In her stories, Lispector writes about, among many things: a chicken who lays an egg; an octogenarian’s sexual desire; an ontological alarm clock; a pygmy woman from equatorial Africa; an encounter between a bourgeois woman and a homeless man; a woman’s search for carnage at the Zoological Gardens. She can be philosophically grand—“What matter am I made of in which elements and foundations for a thousand other lives mingle but never merge? I go down every path and still none is mine”—but mostly dwells in the philosophically mundane: “Something uneasy was happening. Then she saw: the blind man was chewing gum.” Among the earlier stories’ dominant themes is the discombobulation of young women as they realize they must learn to exist in a man’s world: “Little by little I was adapting,” she writes in “Jimmy and I,” “to his elongated head.”
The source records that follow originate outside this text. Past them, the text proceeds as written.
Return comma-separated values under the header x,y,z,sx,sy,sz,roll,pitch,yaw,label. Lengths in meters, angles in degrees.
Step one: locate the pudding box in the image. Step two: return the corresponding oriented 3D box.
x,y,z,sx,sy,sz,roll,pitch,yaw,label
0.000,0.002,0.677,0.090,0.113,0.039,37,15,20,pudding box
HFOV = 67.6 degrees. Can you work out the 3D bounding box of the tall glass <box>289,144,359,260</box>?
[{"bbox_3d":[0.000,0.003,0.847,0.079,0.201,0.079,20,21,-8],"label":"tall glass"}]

In the middle and later stories, Lispector focuses on the female condition from a more mature perspective: “She’d been married for twelve years and three hours of freedom had restored her almost entirely to herself: –the first thing to do was to see if things still existed” (“The Escape”); “Would anyone happen to see, in that tiniest point of surprise lodged in the depths of her eyes, would anyone see in that tiniest affronted speck the lack of the children she’d never had?” (“The Imitation of the Rose”). She offers advice: “I would like to tell you that having passions does not mean living beautifully, but rather suffering pointlessly . . . If you cannot free yourself from desiring passions, read novels and adventure stories, for that is also why writers exist” (“Letters to Hermengardo”). She reflects on the writing process: “My entanglement comes from how a carpet is made of so many threads that I can’t resign myself to following just one; my ensnarement comes from how one story is made of many stories” (“The Disasters of Sofia”). Lispector’s similes can be hilarious: “Everyone exchanged polite glances, smiling blindly, abstractedly as if a dog had peed in the room” (“Happy Birthday”); and her metaphors astonishing: “Yet feelings are the water of an instant” (“The Foreign Legion”).
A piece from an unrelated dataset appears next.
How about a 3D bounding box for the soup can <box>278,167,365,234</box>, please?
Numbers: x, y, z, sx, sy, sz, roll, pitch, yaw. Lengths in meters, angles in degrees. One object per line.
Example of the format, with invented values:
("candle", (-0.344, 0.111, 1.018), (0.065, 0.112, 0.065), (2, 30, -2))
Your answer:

Much praise is to be heaped on Katrina Dodson for her translation of these stories. She has conveyed in English Lispector’s distorted grammar, syntax, and punctuation, maintaining both the purposefully foreign feeling of the language as well as its odd fluidity and overall command. As a translator myself, I am always intrigued by how inevitable untranslatability is handled. For example, Lispector’s story “A Hope” revolves around the dual significance of the Portuguese word esperança as both “cricket” and “hope.” Dodson handles this tricky problem quite brilliantly.
As Moser writes of Lispector: “Hers is an art that makes us want to know the woman; she is a woman who makes us want to know her art.” Her genius, however, is that as much of herself as she offers in her writing, she remains rigorously unknowable—as we all are. The Complete Stories will make the great Clarice Lispector much more widely unknown.